I0713 15:59:45.774368  1327 fetcher.cpp:214] Fetching URI
'http://s3-eu-west-1.amazonaws.com/int-mesos-data/frameworks/spark/spark-1.4.0-bin-hadoop2.4.tgz'
I0713 15:59:45.774483  1327 fetcher.cpp:125] Fetching URI
'http://s3-eu-west-1.amazonaws.com/int-mesos-data/frameworks/spark/spark-1.4.0-bin-hadoop2.4.tgz'
with os::net
I0713 15:59:45.774494  1327 fetcher.cpp:135] Downloading
'http://s3-eu-west-1.amazonaws.com/int-mesos-data/frameworks/spark/spark-1.4.0-bin-hadoop2.4.tgz'
to 
'/var/log/mcsvc/mesostmpdir/slaves/20150713-133618-421011372-5050-8867-S5/frameworks/20150713-152326-421011372-5050-12921-0002/executors/9/runs/9e44b2ea-c738-4e76-8103-3a85ce752b58/spark-1.4.0-bin-hadoop2.4.tgz'
I0713 15:59:50.700959  1327 fetcher.cpp:78] Extracted resource
'/var/log/mcsvc/mesostmpdir/slaves/20150713-133618-421011372-5050-8867-S5/frameworks/20150713-152326-421011372-5050-12921-0002/executors/9/runs/9e44b2ea-c738-4e76-8103-3a85ce752b58/spark-1.4.0-bin-hadoop2.4.tgz'
into 
'/var/log/mcsvc/mesostmpdir/slaves/20150713-133618-421011372-5050-8867-S5/frameworks/20150713-152326-421011372-5050-12921-0002/executors/9/runs/9e44b2ea-c738-4e76-8103-3a85ce752b58'
I0713 15:59:50.973274  1333 exec.cpp:132] Version: 0.22.1
I0713 15:59:50.998219  1339 exec.cpp:206] Executor registered on slave
20150713-133618-421011372-5050-8867-S5
Using Spark's default log4j profile: org/apache/spark/log4j-defaults.properties
15/07/13 15:59:51 INFO CoarseGrainedExecutorBackend: Registered signal
handlers for [TERM, HUP, INT]
15/07/13 15:59:52 WARN NativeCodeLoader: Unable to load native-hadoop
library for your platform... using builtin-java classes where
applicable
15/07/13 15:59:52 INFO SecurityManager: Changing view acls to: root
15/07/13 15:59:52 INFO SecurityManager: Changing modify acls to: root
15/07/13 15:59:52 INFO SecurityManager: SecurityManager:
authentication disabled; ui acls disabled; users with view
permissions: Set(root); users with modify permissions: Set(root)

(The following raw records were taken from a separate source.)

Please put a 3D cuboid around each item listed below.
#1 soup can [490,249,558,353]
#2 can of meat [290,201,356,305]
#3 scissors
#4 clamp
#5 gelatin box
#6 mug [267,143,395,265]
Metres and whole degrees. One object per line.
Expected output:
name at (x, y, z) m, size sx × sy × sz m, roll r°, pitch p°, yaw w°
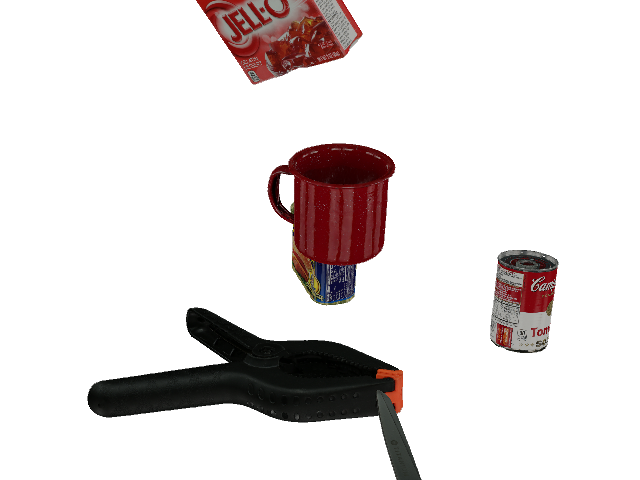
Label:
soup can at (0.231, 0.069, 1.220) m, size 0.068 × 0.102 × 0.068 m, roll 3°, pitch 18°, yaw -1°
can of meat at (0.004, 0.012, 1.204) m, size 0.057 × 0.084 × 0.102 m, roll -11°, pitch 37°, yaw -18°
scissors at (0.073, 0.153, 0.596) m, size 0.096 × 0.016 × 0.201 m, roll 7°, pitch 32°, yaw 3°
clamp at (-0.041, 0.092, 0.776) m, size 0.210 × 0.036 × 0.164 m, roll 3°, pitch 19°, yaw 12°
gelatin box at (-0.029, -0.144, 0.681) m, size 0.089 × 0.073 × 0.030 m, roll -8°, pitch 37°, yaw 44°
mug at (0.006, -0.033, 0.946) m, size 0.117 × 0.081 × 0.093 m, roll 12°, pitch 30°, yaw 19°
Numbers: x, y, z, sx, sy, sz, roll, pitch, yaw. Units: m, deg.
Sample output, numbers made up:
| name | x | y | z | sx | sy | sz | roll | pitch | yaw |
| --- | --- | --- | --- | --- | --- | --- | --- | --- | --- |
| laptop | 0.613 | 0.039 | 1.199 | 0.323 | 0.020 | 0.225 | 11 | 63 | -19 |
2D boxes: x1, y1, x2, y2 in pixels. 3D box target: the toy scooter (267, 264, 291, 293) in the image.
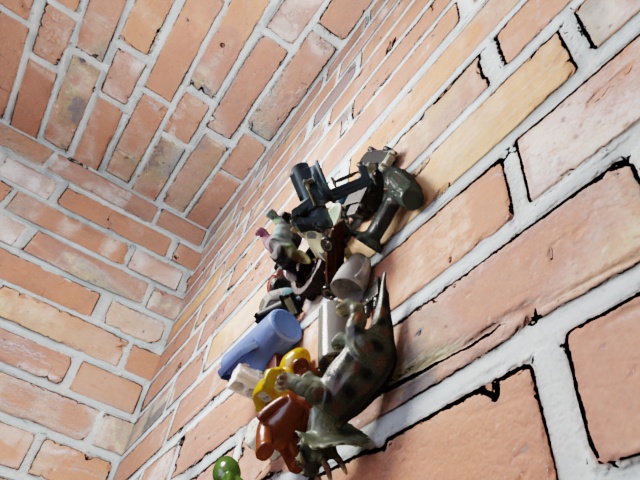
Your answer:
| name | x | y | z | sx | sy | sz | roll | pitch | yaw |
| --- | --- | --- | --- | --- | --- | --- | --- | --- | --- |
| toy scooter | -0.125 | 0.118 | 1.752 | 0.135 | 0.075 | 0.184 | -23 | 38 | 62 |

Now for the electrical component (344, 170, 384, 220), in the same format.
| name | x | y | z | sx | sy | sz | roll | pitch | yaw |
| --- | --- | --- | --- | --- | --- | --- | --- | --- | --- |
| electrical component | 0.123 | -0.118 | 1.466 | 0.134 | 0.058 | 0.115 | -65 | 16 | -14 |

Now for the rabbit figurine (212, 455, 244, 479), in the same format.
| name | x | y | z | sx | sy | sz | roll | pitch | yaw |
| --- | --- | --- | --- | --- | --- | --- | --- | --- | --- |
| rabbit figurine | -0.236 | 0.589 | 1.255 | 0.159 | 0.121 | 0.170 | -27 | 40 | 49 |

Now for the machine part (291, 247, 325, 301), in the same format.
| name | x | y | z | sx | sy | sz | roll | pitch | yaw |
| --- | --- | --- | --- | --- | --- | --- | --- | --- | --- |
| machine part | -0.015 | 0.088 | 1.530 | 0.179 | 0.056 | 0.179 | -51 | 21 | 29 |

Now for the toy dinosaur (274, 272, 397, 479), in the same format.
| name | x | y | z | sx | sy | sz | roll | pitch | yaw |
| --- | --- | --- | --- | --- | --- | --- | --- | --- | --- |
| toy dinosaur | 0.064 | 0.242 | 0.979 | 0.192 | 0.131 | 0.405 | 30 | 76 | 32 |

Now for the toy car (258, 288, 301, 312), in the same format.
| name | x | y | z | sx | sy | sz | roll | pitch | yaw |
| --- | --- | --- | --- | --- | --- | --- | --- | --- | --- |
| toy car | -0.130 | 0.203 | 1.589 | 0.161 | 0.103 | 0.109 | -59 | 17 | 0 |

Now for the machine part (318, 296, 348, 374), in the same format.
| name | x | y | z | sx | sy | sz | roll | pitch | yaw |
| --- | --- | --- | --- | --- | --- | --- | --- | --- | --- |
| machine part | 0.033 | 0.213 | 1.173 | 0.079 | 0.079 | 0.243 | -51 | 20 | 27 |

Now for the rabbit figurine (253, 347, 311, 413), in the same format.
| name | x | y | z | sx | sy | sz | roll | pitch | yaw |
| --- | --- | --- | --- | --- | --- | --- | --- | --- | --- |
| rabbit figurine | -0.077 | 0.336 | 1.275 | 0.173 | 0.122 | 0.162 | -58 | 2 | -41 |

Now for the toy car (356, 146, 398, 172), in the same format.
| name | x | y | z | sx | sy | sz | roll | pitch | yaw |
| --- | --- | --- | --- | --- | --- | --- | --- | --- | --- |
| toy car | 0.163 | -0.224 | 1.525 | 0.073 | 0.056 | 0.202 | -55 | 19 | -2 |

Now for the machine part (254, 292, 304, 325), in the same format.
| name | x | y | z | sx | sy | sz | roll | pitch | yaw |
| --- | --- | --- | --- | --- | --- | --- | --- | --- | --- |
| machine part | -0.122 | 0.202 | 1.520 | 0.139 | 0.084 | 0.039 | -27 | 14 | 8 |

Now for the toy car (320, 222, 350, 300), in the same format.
| name | x | y | z | sx | sy | sz | roll | pitch | yaw |
| --- | --- | --- | --- | --- | --- | --- | --- | --- | --- |
| toy car | 0.033 | 0.050 | 1.291 | 0.089 | 0.053 | 0.201 | -40 | -43 | -46 |

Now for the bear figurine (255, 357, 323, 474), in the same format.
| name | x | y | z | sx | sy | sz | roll | pitch | yaw |
| --- | --- | --- | --- | --- | --- | --- | --- | --- | --- |
| bear figurine | -0.046 | 0.356 | 1.113 | 0.196 | 0.120 | 0.132 | -53 | 22 | 7 |

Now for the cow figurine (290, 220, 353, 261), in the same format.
| name | x | y | z | sx | sy | sz | roll | pitch | yaw |
| --- | --- | --- | --- | --- | --- | --- | --- | --- | --- |
| cow figurine | -0.003 | -0.004 | 1.410 | 0.085 | 0.127 | 0.195 | -40 | 41 | -11 |

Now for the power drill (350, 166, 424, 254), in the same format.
| name | x | y | z | sx | sy | sz | roll | pitch | yaw |
| --- | --- | --- | --- | --- | --- | --- | --- | --- | --- |
| power drill | 0.157 | -0.077 | 1.297 | 0.207 | 0.086 | 0.232 | -52 | 20 | 4 |

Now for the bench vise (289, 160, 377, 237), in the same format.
| name | x | y | z | sx | sy | sz | roll | pitch | yaw |
| --- | --- | --- | --- | --- | --- | --- | --- | --- | --- |
| bench vise | 0.033 | -0.120 | 1.349 | 0.241 | 0.128 | 0.224 | -23 | 58 | 3 |

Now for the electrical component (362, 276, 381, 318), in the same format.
| name | x | y | z | sx | sy | sz | roll | pitch | yaw |
| --- | --- | --- | --- | --- | --- | --- | --- | --- | --- |
| electrical component | 0.116 | 0.123 | 1.173 | 0.063 | 0.021 | 0.094 | -48 | 22 | 36 |

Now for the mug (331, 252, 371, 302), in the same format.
| name | x | y | z | sx | sy | sz | roll | pitch | yaw |
| --- | --- | --- | --- | --- | --- | --- | --- | --- | --- |
| mug | 0.082 | 0.074 | 1.243 | 0.109 | 0.081 | 0.107 | -59 | 4 | 46 |

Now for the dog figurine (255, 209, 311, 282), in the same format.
| name | x | y | z | sx | sy | sz | roll | pitch | yaw |
| --- | --- | --- | --- | --- | --- | --- | --- | --- | --- |
| dog figurine | -0.088 | 0.021 | 1.585 | 0.108 | 0.191 | 0.219 | -51 | 56 | 21 |

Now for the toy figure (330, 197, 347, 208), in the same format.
| name | x | y | z | sx | sy | sz | roll | pitch | yaw |
| --- | --- | --- | --- | --- | --- | --- | --- | --- | --- |
| toy figure | 0.047 | -0.072 | 1.608 | 0.154 | 0.058 | 0.064 | -60 | -22 | 6 |
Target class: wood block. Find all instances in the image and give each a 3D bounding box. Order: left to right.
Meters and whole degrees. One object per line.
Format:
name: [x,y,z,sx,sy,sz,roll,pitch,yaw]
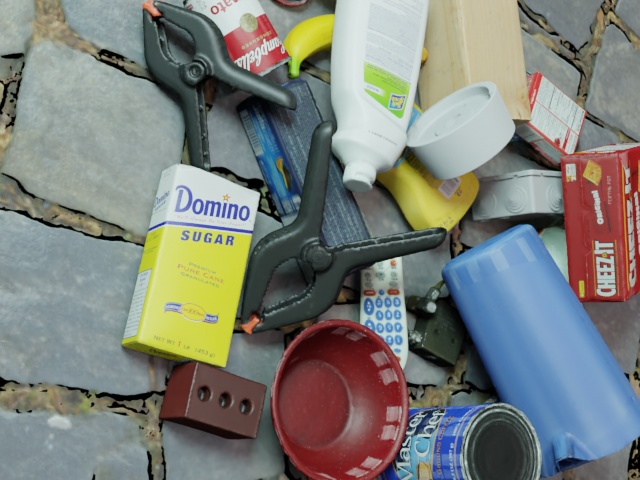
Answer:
wood block: [0.165,-0.226,1.206,0.090,0.090,0.206,-1,82,-34]

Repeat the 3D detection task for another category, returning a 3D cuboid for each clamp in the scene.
clamp: [-0.103,-0.161,1.016,0.120,0.039,0.171,-27,96,6]
clamp: [-0.007,0.001,1.013,0.210,0.036,0.164,-39,102,5]

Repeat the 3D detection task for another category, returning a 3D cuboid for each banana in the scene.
banana: [0.030,-0.210,1.143,0.197,0.037,0.069,-15,82,-35]

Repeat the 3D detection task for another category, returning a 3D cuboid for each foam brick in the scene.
foam brick: [-0.098,0.149,0.980,0.078,0.051,0.053,22,69,-28]

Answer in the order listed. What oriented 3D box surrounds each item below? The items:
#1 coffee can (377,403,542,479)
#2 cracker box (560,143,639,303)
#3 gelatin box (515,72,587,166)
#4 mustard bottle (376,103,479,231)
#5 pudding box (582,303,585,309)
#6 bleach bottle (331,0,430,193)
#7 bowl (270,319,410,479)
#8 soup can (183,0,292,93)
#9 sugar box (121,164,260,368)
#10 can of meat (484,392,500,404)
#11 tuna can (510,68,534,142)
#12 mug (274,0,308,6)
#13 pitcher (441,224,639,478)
coffee can: [0.135,0.217,1.066,0.102,0.141,0.103,7,77,-32]
cracker box: [0.343,-0.026,1.231,0.213,0.072,0.164,-16,102,-61]
gelatin box: [0.266,-0.141,1.249,0.089,0.030,0.073,34,62,-25]
mustard bottle: [0.087,-0.098,1.148,0.191,0.058,0.096,49,58,-16]
pudding box: [0.276,0.118,1.243,0.089,0.039,0.113,-23,92,-34]
bleach bottle: [0.050,-0.168,1.077,0.102,0.068,0.250,20,65,-21]
bowl: [0.009,0.160,1.046,0.161,0.055,0.162,7,77,-32]
soup can: [-0.082,-0.206,1.053,0.068,0.069,0.102,-36,100,-33]
sugar box: [-0.118,0.025,0.996,0.093,0.048,0.176,20,71,-29]
can of meat: [0.235,0.200,1.188,0.083,0.058,0.102,-38,101,-30]
tuna can: [0.231,-0.161,1.270,0.086,0.034,0.086,7,77,-32]
mug: [-0.023,-0.301,1.105,0.081,0.093,0.117,10,114,-22]
pitcher: [0.230,0.109,1.109,0.145,0.149,0.243,-27,87,-14]
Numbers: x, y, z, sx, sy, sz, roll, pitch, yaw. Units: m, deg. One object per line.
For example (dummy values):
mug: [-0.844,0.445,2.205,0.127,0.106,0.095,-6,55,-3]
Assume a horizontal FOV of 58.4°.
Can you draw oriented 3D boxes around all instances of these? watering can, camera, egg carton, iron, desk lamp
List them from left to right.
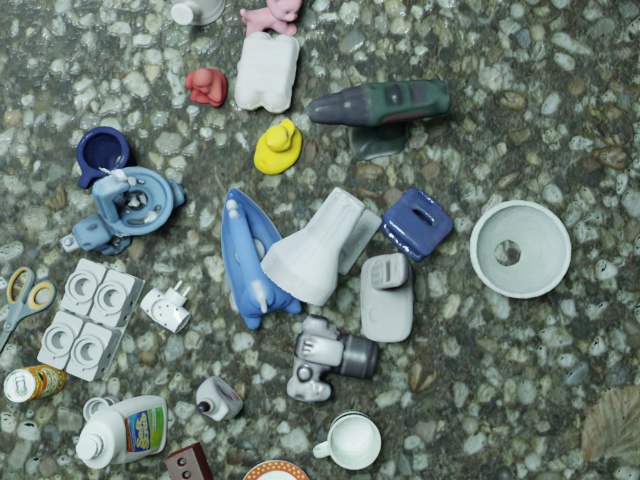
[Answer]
watering can: [-0.232,-0.465,1.010,0.101,0.194,0.173,-21,82,-1]
iron: [-0.120,0.015,0.965,0.118,0.141,0.258,-21,82,-1]
egg carton: [-0.097,-0.306,1.046,0.107,0.069,0.150,8,82,3]
desk lamp: [0.009,0.003,0.926,0.118,0.213,0.203,34,84,6]
camera: [0.024,0.205,0.954,0.136,0.101,0.143,12,82,4]

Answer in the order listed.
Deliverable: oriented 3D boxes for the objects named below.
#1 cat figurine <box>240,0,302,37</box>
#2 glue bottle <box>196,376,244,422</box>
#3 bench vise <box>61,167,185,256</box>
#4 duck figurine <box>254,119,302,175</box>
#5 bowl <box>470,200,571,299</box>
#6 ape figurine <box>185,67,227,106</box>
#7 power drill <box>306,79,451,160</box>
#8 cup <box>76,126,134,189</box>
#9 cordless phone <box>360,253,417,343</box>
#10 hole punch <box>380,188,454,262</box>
cat figurine: [-0.084,-0.420,1.037,0.128,0.118,0.067,-17,81,0]
glue bottle: [-0.169,0.259,0.915,0.078,0.173,0.037,40,85,7]
bench vise: [-0.332,-0.041,0.939,0.121,0.220,0.207,39,85,7]
duck figurine: [-0.078,-0.170,1.018,0.077,0.086,0.104,37,85,7]
bowl: [0.335,0.019,0.984,0.167,0.075,0.167,0,82,2]
ape figurine: [-0.206,-0.283,1.034,0.076,0.092,0.078,-37,82,-3]
power drill: [0.095,-0.201,0.955,0.229,0.208,0.075,-13,81,0]
cup: [-0.376,-0.133,1.017,0.091,0.095,0.118,29,84,6]
cordless phone: [0.114,0.092,0.924,0.094,0.185,0.147,-3,82,2]
hole punch: [0.167,-0.032,0.988,0.108,0.091,0.101,41,85,7]

15/07/13 15:59:52 INFO Slf4jLogger: Slf4jLogger started
15/07/13 15:59:52 INFO Remoting: Starting remoting
15/07/13 15:59:53 INFO Remoting: Remoting started; listening on
addresses 
:[akka.tcp://driverpropsfetc...@int-mesos-slave-ib4583253.mclabs.io:41854]
15/07/13 15:59:53 INFO Utils: Successfully started service
'driverPropsFetcher' on port 41854.
15/07/13 15:59:53 INFO SecurityManager: Changing view acls to: root
15/07/13 15:59:53 INFO SecurityManager: Changing modify acls to: root
15/07/13 15:59:53 INFO SecurityManager: SecurityManager:
authentication disabled; ui acls disabled; users with view
permissions: Set(root); users with modify permissions: Set(root)
15/07/13 15:59:53 INFO RemoteActorRefProvider$RemotingTerminator:
Shutting down remote daemon.
15/07/13 15:59:53 INFO RemoteActorRefProvider$RemotingTerminator:
Remote daemon shut down; proceeding with flushing remote transports.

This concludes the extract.